*What you will do*. An exact repetition of the data below, without images, is the expected answer.

*Data to process*.
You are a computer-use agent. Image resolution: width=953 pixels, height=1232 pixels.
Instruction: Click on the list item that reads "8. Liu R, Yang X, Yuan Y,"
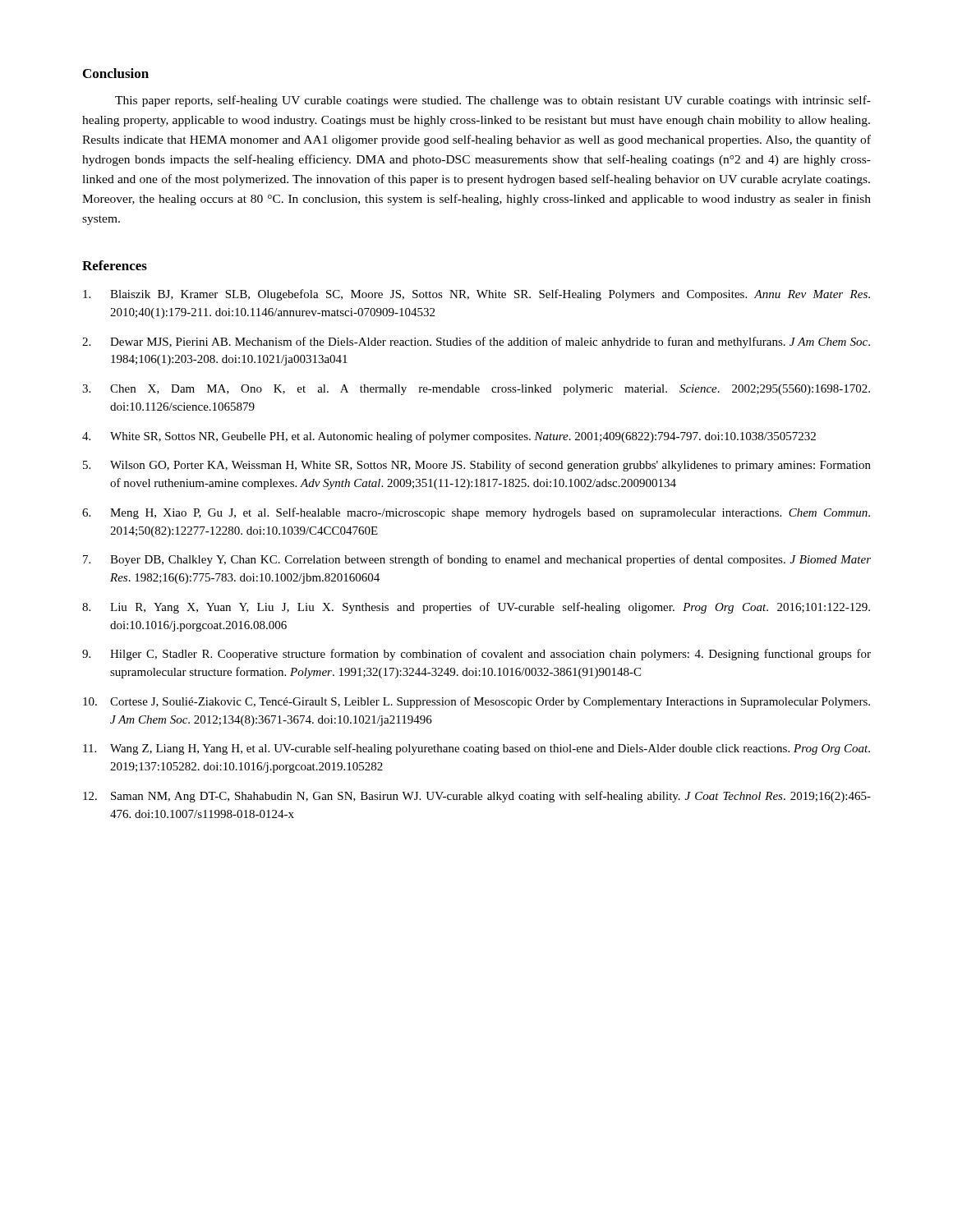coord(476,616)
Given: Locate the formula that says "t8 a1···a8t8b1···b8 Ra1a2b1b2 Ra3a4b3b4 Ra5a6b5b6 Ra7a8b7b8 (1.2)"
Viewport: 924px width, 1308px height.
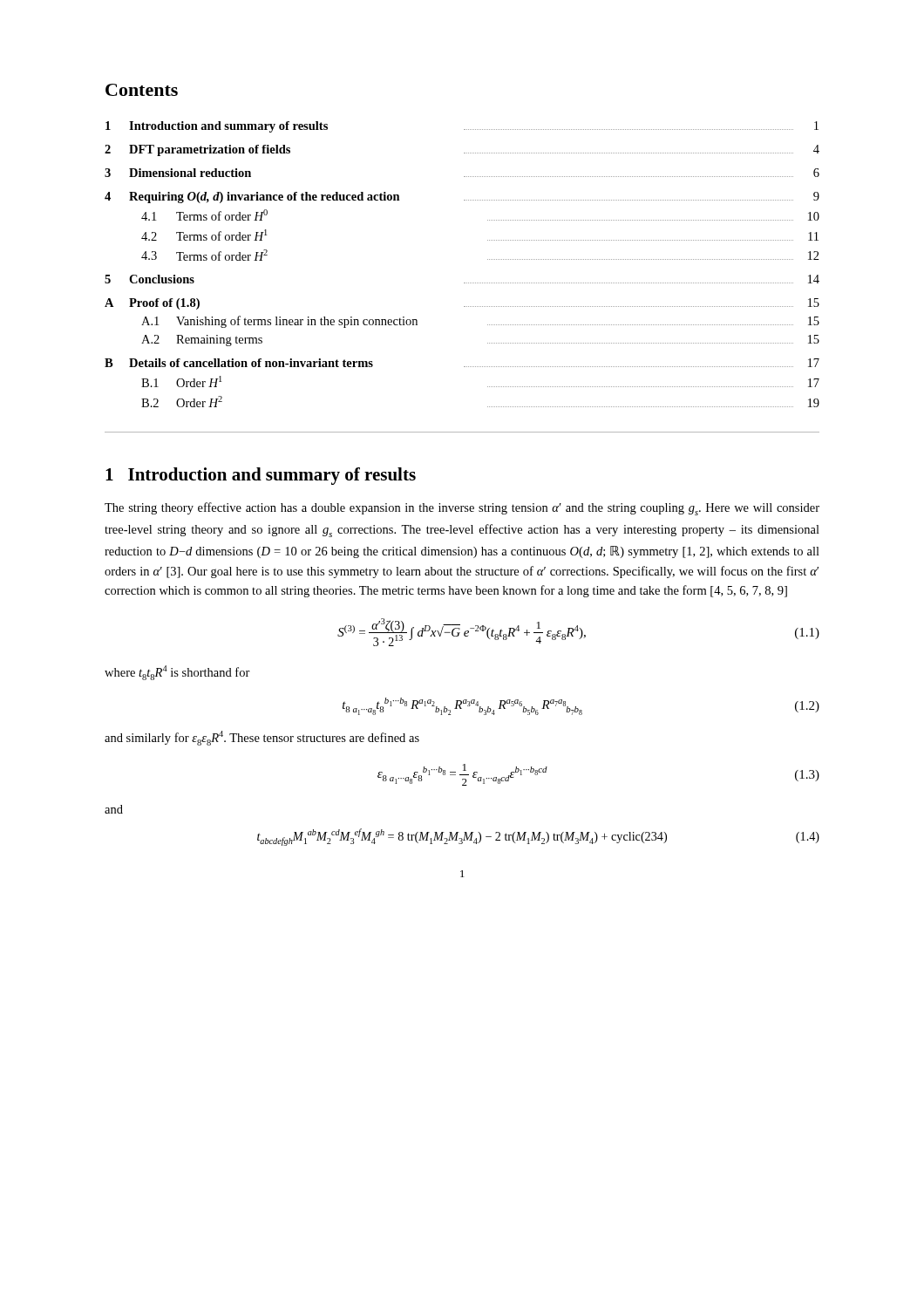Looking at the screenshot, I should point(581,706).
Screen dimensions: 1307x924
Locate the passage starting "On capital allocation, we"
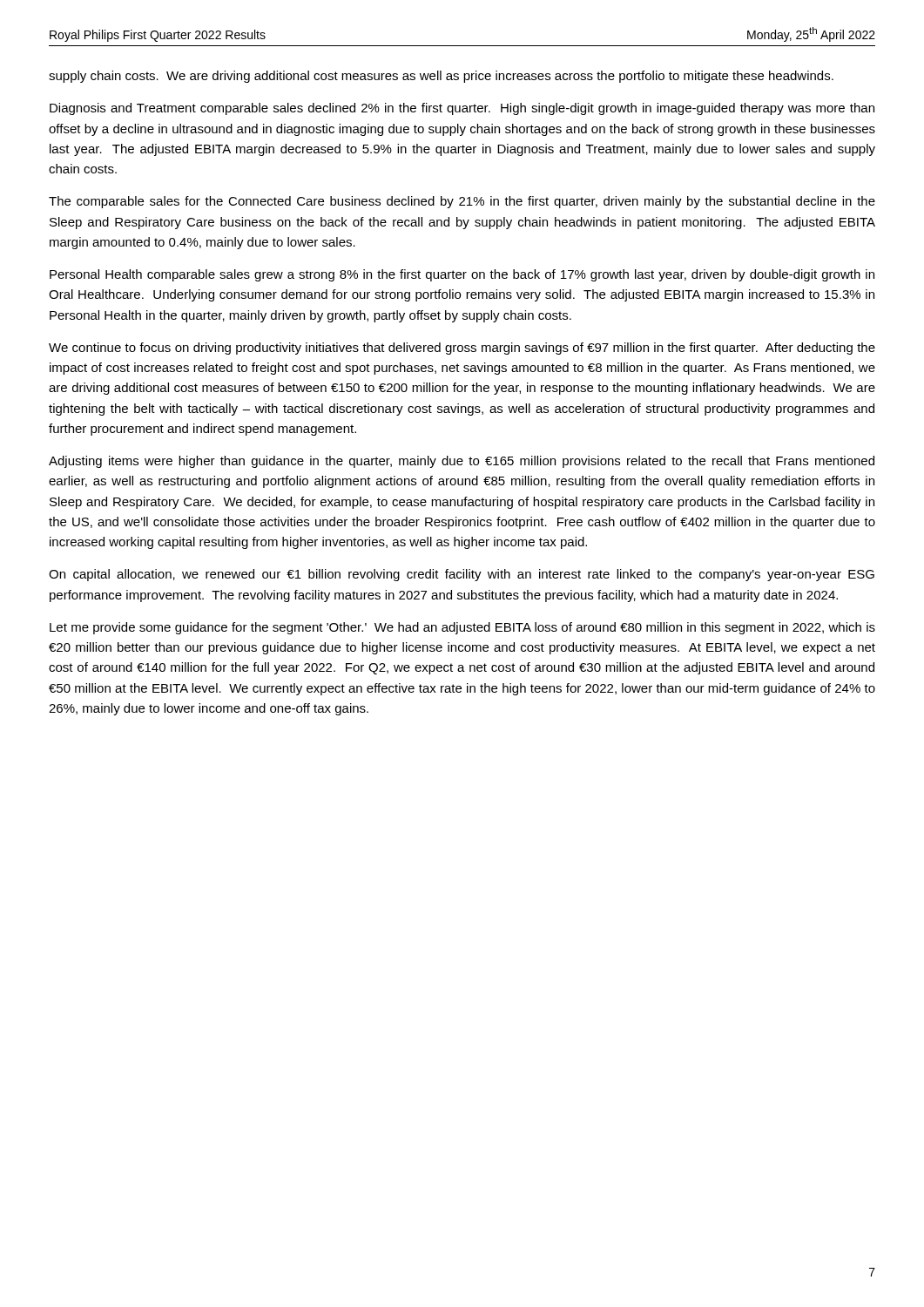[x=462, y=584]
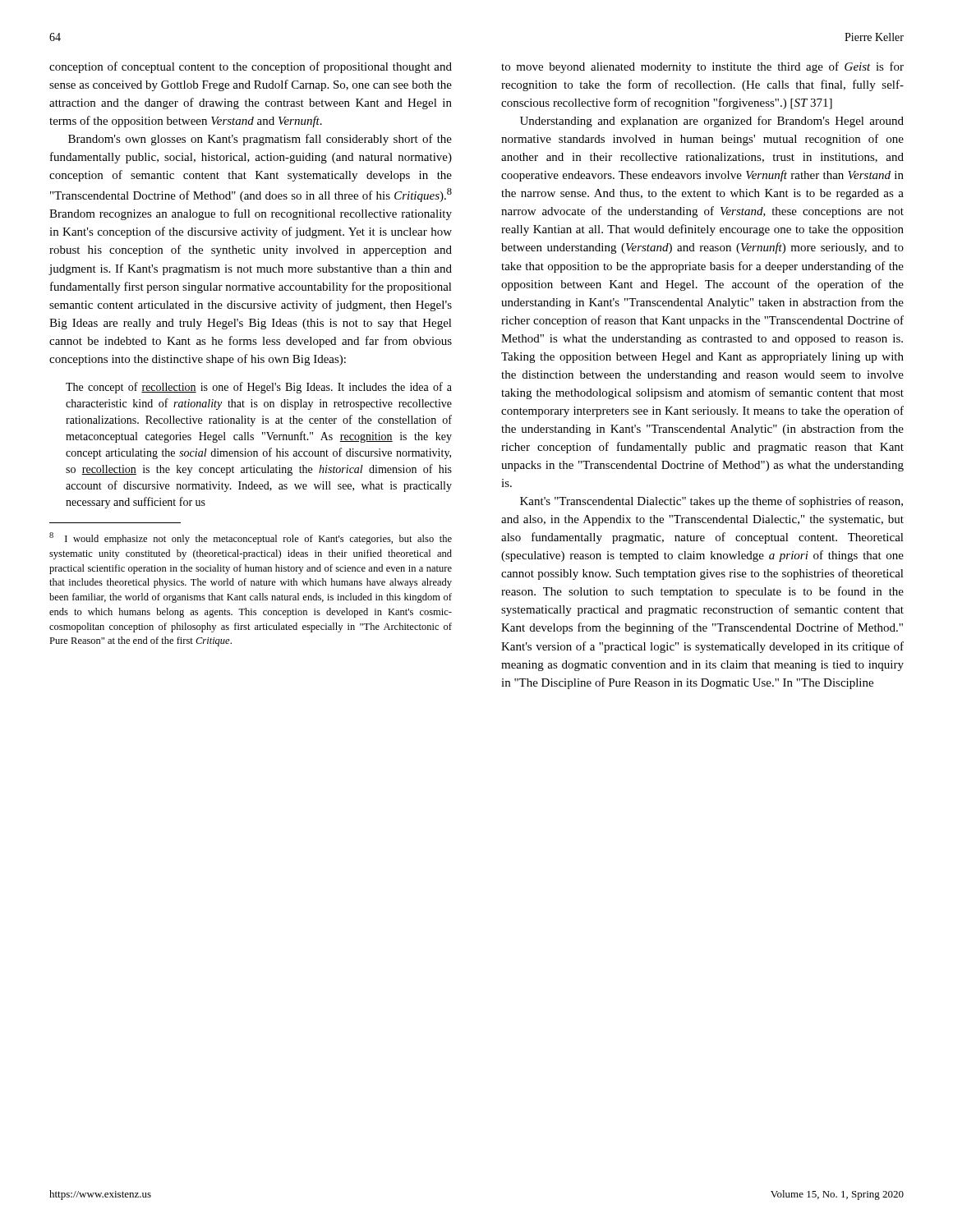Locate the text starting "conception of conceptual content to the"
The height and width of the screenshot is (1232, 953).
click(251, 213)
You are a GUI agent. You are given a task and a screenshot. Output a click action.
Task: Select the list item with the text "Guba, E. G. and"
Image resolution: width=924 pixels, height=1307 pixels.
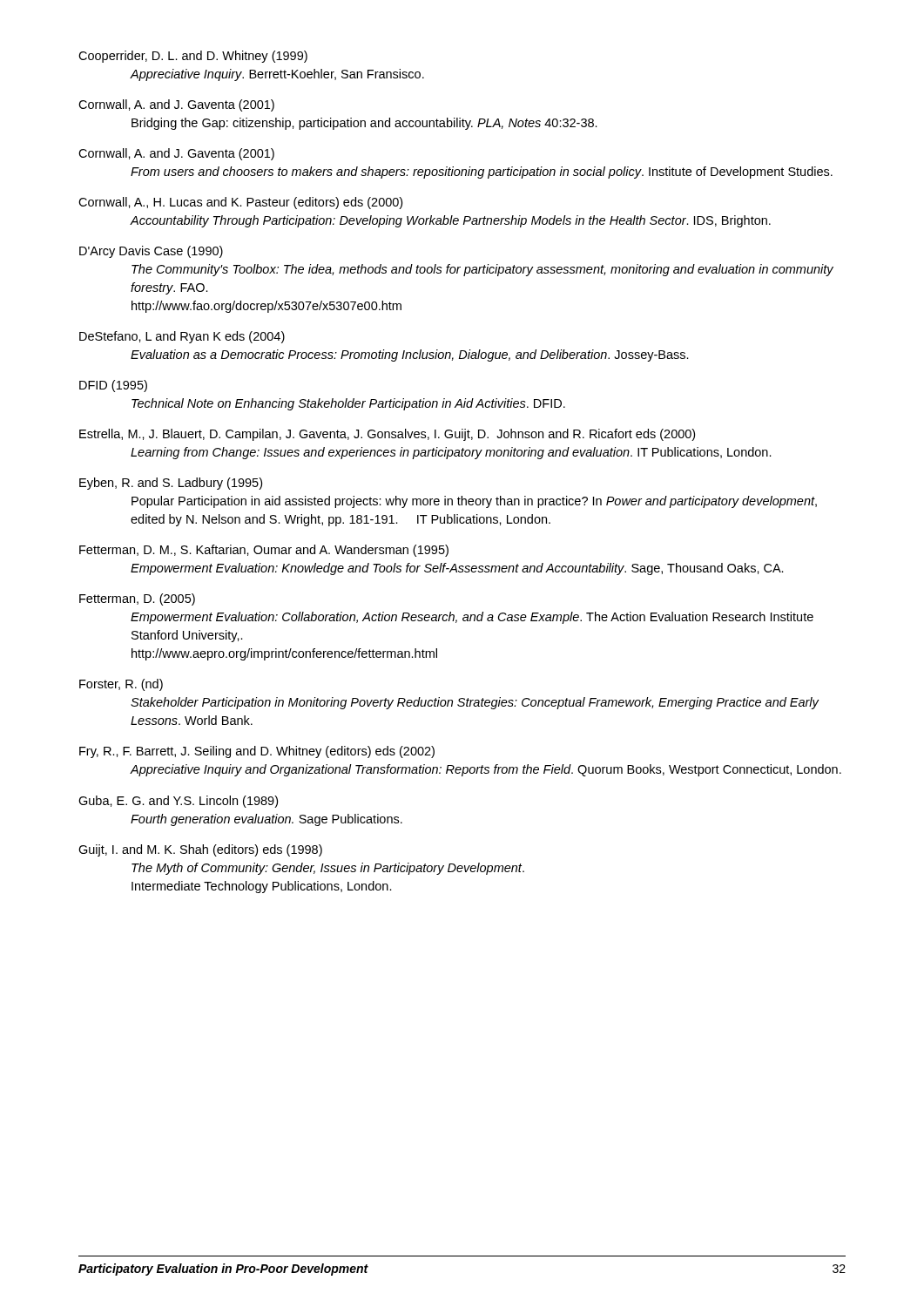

*Task response*.
You are a computer-use agent. Image resolution: width=953 pixels, height=1232 pixels.
Instruction: Click on the list item that reads "8. Liu R, Yang X, Yuan Y,"
coord(476,616)
Given: Locate the formula that says "t8 a1···a8t8b1···b8 Ra1a2b1b2 Ra3a4b3b4 Ra5a6b5b6 Ra7a8b7b8 (1.2)"
Viewport: 924px width, 1308px height.
Looking at the screenshot, I should point(581,706).
Screen dimensions: 1307x924
Locate the passage starting "On capital allocation, we"
[x=462, y=584]
Locate the text starting "conception of conceptual content to the"
The height and width of the screenshot is (1232, 953).
click(251, 213)
You are a GUI agent. You are given a task and a screenshot. Output a click action.
Task: Select the list item with the text "Guba, E. G. and"
Image resolution: width=924 pixels, height=1307 pixels.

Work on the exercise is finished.